• **YOUR OBJECTIVE**
Find all the lines in the material below with the word "width", and copy them.

+++ DATA EXCERPTS

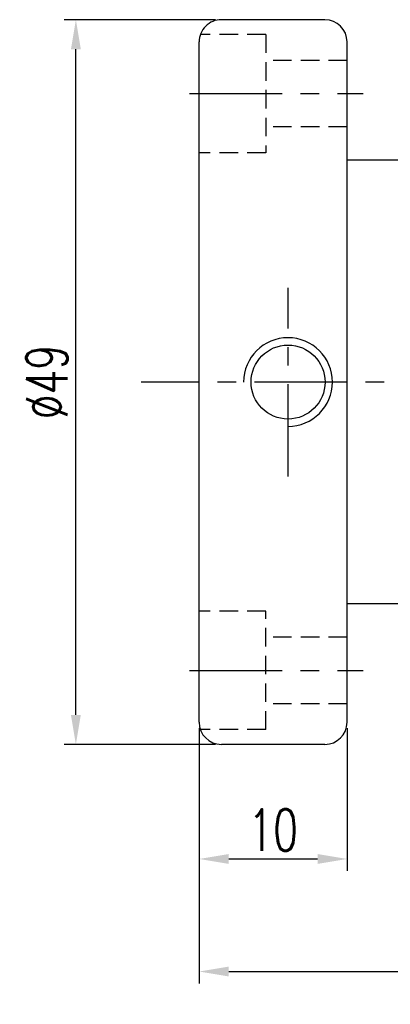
# Model space of a CAD drawing. Extents: x 81 to 689, y -211 to 131.
# Tile 2 of 65: x 618 to 643, y 39 to 105. Entities that reach past the tile are written whole.
import ezdxf

# ---------------------------------------------------------------- set-up
doc = ezdxf.new("R2010")
doc.units = 0
doc.header["$MEASUREMENT"] = 0
doc.linetypes.add('CENTER', pattern=[2, 1.25, -0.25, 0.25, -0.25])
doc.linetypes.add('HIDDEN', pattern=[0.375, 0.25, -0.125])
for name, color, linetype in [('CL', 1, 'CENTER'), ('DIM', 4, 'CONTINUOUS'), ('HID', 2, 'HIDDEN'), ('OUT', 3, 'CONTINUOUS')]:
    doc.layers.add(name, color=color, linetype=linetype)
doc.styles.add('CHN', font='SIMPLEX.shx', dxfattribs={"width": 0.7, "bigfont": 'CHINESET.shx'})
doc.dimstyles.get("Standard").update_dxf_attribs({"dimscale": 0, "dimtxt": 4, "dimasz": 3, "dimexe": 1, "dimexo": 0.5, "dimgap": 1, "dimtad": 1, "dimdsep": 46, "dimtxsty": 'CHN', "dimcen": 0.09, "dimclrd": 256, "dimclre": 256, "dimclrt": 256, "dimadec": 0, "dimazin": 0, "dimtp": 1, "dimtm": 1, "dimtfac": 0.6, "dimtix": 1, "dimtmove": 2, "dimatfit": 3, "dimfxl": 1, "dimtvp": 0.85, "dimtolj": 1, "dimarcsym": 0})

# ---------------------------------------------------------------- blocks, each defined once
blk = doc.blocks.new('*D2')
at = {"layer": 'DIM', "color": 0, "lineweight": -2, "transparency": 16777216}
for p, q in [((630.496, 57.463), (630.496, 47.821)), ((640.496, 57.463), (640.496, 47.821)), ((632.496, 48.621), (638.496, 48.621))]:
    blk.add_line(p, q, dxfattribs=at)
at = {"layer": 'DIM', "color": 0, "transparency": 16777216}
for points in [[(632.496, 48.954), (632.496, 48.287), (630.496, 48.621)], [(638.496, 48.954), (638.496, 48.287), (640.496, 48.621)]]:
    blk.add_solid(points, dxfattribs=at)
at = {"layer": 'DIM', "color": 0, "transparency": 16777216, "insert": (635.496, 50.581), "char_height": 2.8, "attachment_point": 5, "style": 'CHN'}
blk.add_mtext('\\A1;10', dxfattribs=at)
blk = doc.blocks.new('*D3')
at = {"layer": 'DIM', "color": 0, "lineweight": -2, "transparency": 16777216}
for p, q in [((675.496, 66.963), (675.496, 40.21)), ((630.496, 56.963), (630.496, 40.21)), ((632.496, 41.01), (673.496, 41.01))]:
    blk.add_line(p, q, dxfattribs=at)
at = {"layer": 'DIM', "color": 0, "transparency": 16777216}
for points in [[(632.496, 41.343), (632.496, 40.676), (630.496, 41.01)], [(673.496, 41.343), (673.496, 40.676), (675.496, 41.01)]]:
    blk.add_solid(points, dxfattribs=at)
at = {"layer": 'DIM', "color": 0, "transparency": 16777216, "insert": (652.996, 42.97), "char_height": 2.8, "attachment_point": 5, "style": 'CHN'}
blk.add_mtext('\\A1;{\\fPMingLiU|b0|i0|c136|p18;\\H0.71429x;\\W1;\\C256; }45', dxfattribs=at)
blk = doc.blocks.new('*D4')
at = {"layer": 'DIM', "color": 0, "lineweight": -2, "transparency": 16777216}
for p, q in [((631.596, 105.363), (621.361, 105.363)), ((622.161, 58.363), (622.161, 103.363)), ((631.596, 56.363), (621.361, 56.363))]:
    blk.add_line(p, q, dxfattribs=at)
at = {"layer": 'DIM', "color": 0, "transparency": 16777216}
for points in [[(621.828, 103.363), (622.495, 103.363), (622.161, 105.363)], [(621.828, 58.363), (622.495, 58.363), (622.161, 56.363)]]:
    blk.add_solid(points, dxfattribs=at)
at = {"layer": 'DIM', "color": 0, "transparency": 16777216, "insert": (620.201, 80.863), "char_height": 2.8, "attachment_point": 5, "rotation": 90, "style": 'CHN'}
blk.add_mtext('\\A1;%%C49', dxfattribs=at)

msp = doc.modelspace()

# ---------------------------------------------------------------- linework, layer by layer
at = {"layer": 'CL', "color": 0, "ltscale": 5}
for p, q in [((629.85, 100.363), (641.576, 100.363)), ((636.502, 74.482), (636.502, 87.234)), ((680.496, 80.863), (626.567, 80.863)), ((629.85, 61.363), (641.576, 61.363))]:
    msp.add_line(p, q, dxfattribs=at)
at = {"layer": 'DIM', "color": 0, "ltscale": 5}
msp.add_arc((636.502, 80.863), 3, 270, 180, dxfattribs=at)
at = {"layer": 'HID', "color": 0, "ltscale": 5}
for p, q in [((634.996, 104.363), (630.582, 104.363)), ((634.996, 104.363), (634.996, 96.363)), ((640.496, 102.613), (634.996, 102.613)), ((640.496, 98.113), (634.996, 98.113)), ((634.996, 96.363), (630.496, 96.363)), ((634.996, 65.363), (630.496, 65.363)), ((634.996, 57.363), (634.996, 65.363)), ((640.496, 63.613), (634.996, 63.613)), ((640.496, 59.113), (634.996, 59.113)), ((634.996, 57.363), (630.582, 57.363))]:
    msp.add_line(p, q, dxfattribs=at)
at = {"layer": 'OUT', "color": 0, "ltscale": 5}
for p, q in [((638.996, 105.363), (631.996, 105.363)), ((630.496, 57.863), (630.496, 103.863)), ((640.496, 57.863), (640.496, 103.863)), ((673.996, 95.863), (640.496, 95.863)), ((673.996, 65.863), (640.496, 65.863)), ((638.996, 56.363), (631.996, 56.363))]:
    msp.add_line(p, q, dxfattribs=at)
msp.add_circle((636.502, 80.863), 2.5, dxfattribs=at)
for centre, start, end in [((631.996, 103.863), 90, 180.00001), ((638.996, 103.863), 0, 90), ((631.996, 57.863), 180.00001, 270.00001), ((638.996, 57.863), 270.00001, 0.00001)]:
    msp.add_arc(centre, 1.5, start, end, dxfattribs=at)

# ---------------------------------------------------------------- dimensions: what is measured, and where the dimension line sits
at = {"layer": 'DIM', "color": 0}
dim = msp.add_linear_dim(base=(622.161, 105.363), p1=(631.996, 56.363), p2=(631.996, 105.363), angle=90, text='%%C<>', dimstyle='STANDARD', override={"dimscale": 0.8, "dimtxt": 3.5, "dimasz": 2.5, "dimgap": 0.7, "dimclrd": 0, "dimclre": 0, "dimclrt": 0, "dimtp": 0.1, "dimtm": 0, "dimtmove": 0}, dxfattribs=at)
dim.commit()
dim.dimension.update_dxf_attribs({"geometry": '*D4', "text_midpoint": (620.201, 80.863)})
dim = msp.add_linear_dim(base=(675.496, 41.01), p1=(630.496, 57.363), p2=(675.496, 67.363), text='{\\fPMingLiU|b0|i0|c136|p18;\\H0.71429x;\\W1;\\C256; }<>', dimstyle='STANDARD', override={"dimscale": 0.8, "dimtxt": 3.5, "dimasz": 2.5, "dimgap": 0.7, "dimclrd": 0, "dimclre": 0, "dimclrt": 0, "dimtp": 0.1, "dimtm": 0, "dimtmove": 0}, dxfattribs=at)
dim.commit()
dim.dimension.update_dxf_attribs({"geometry": '*D3', "text_midpoint": (652.996, 42.97)})
dim = msp.add_linear_dim(base=(640.496, 48.621), p1=(630.496, 57.863), p2=(640.496, 57.863), dimstyle='STANDARD', override={"dimscale": 0.8, "dimtxt": 3.5, "dimasz": 2.5, "dimgap": 0.7, "dimclrd": 0, "dimclre": 0, "dimclrt": 0, "dimtp": 0.1, "dimtm": 0, "dimtmove": 0}, dxfattribs=at)
dim.commit()
dim.dimension.update_dxf_attribs({"geometry": '*D2', "text_midpoint": (635.496, 50.581)})

doc.saveas('drawing.dxf')
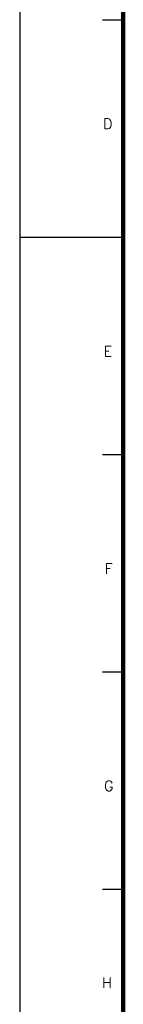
# Model space of a CAD drawing. Header units: millimetres. Extents: x 664 to 730045, y -4 to 80.
# Tile 33 of 78: x 664.25 to 666.75, y 40.85 to 64.66. Entities that reach past the tile are written whole.
import ezdxf

# ---------------------------------------------------------------- set-up
doc = ezdxf.new("R2010")
doc.units = ezdxf.units.MM
doc.header["$MEASUREMENT"] = 0
doc.layers.add('Margem', color=4, linetype='Continuous')
doc.styles.add('ROMANS', font='ROMANS')

msp = doc.modelspace()

# ---------------------------------------------------------------- linework, layer by layer
at = {"layer": 'Margem', "color": 1}
for p, q in [((664.2538, 80.4197), (664.2538, -3.6803)), ((666.7538, 64.651), (666.2538, 64.651)), ((666.7538, 59.3947), (664.2538, 59.3947)), ((666.7538, 54.1385), (666.2538, 54.1385)), ((666.7538, 48.8822), (666.2538, 48.8822)), ((666.7538, 43.626), (666.2538, 43.626))]:
    msp.add_line(p, q, dxfattribs=at)
at = {"layer": 'Margem', "lineweight": 100}
msp.add_line((666.7538, -2.6803), (666.7538, 79.4197), dxfattribs=at)

# ---------------------------------------------------------------- texts
at = {"layer": 'Margem', "color": 1, "char_height": 0.25, "attachment_point": 8, "line_spacing_factor": 0.798, "style": 'ROMANS'}
for s, insert, width in [('D', (666.3801, 62.0206), 0.960097), ('E', (666.3801, 56.5166), 0.888739), ('F', (666.4036, 51.2604), 0.810893), ('G', (666.4036, 46.0041), 1.031456), ('H', (666.3624, 41.2463), 0.960097)]:
    msp.add_mtext(s, dxfattribs=dict(at, insert=insert, width=width))

doc.saveas('drawing.dxf')

++++++

• **WORKED SOLUTION**
doc.styles.add('CHN', font='SIMPLEX.shx', dxfattribs={"width": 0.7, "bigfont": 'CHINESET.shx'})
for s, insert, width in [('D', (666.3801, 62.0206), 0.960097), ('E', (666.3801, 56.5166), 0.888739), ('F', (666.4036, 51.2604), 0.810893), ('G', (666.4036, 46.0041), 1.031456), ('H', (666.3624, 41.2463), 0.960097)]:
    msp.add_mtext(s, dxfattribs=dict(at, insert=insert, width=width))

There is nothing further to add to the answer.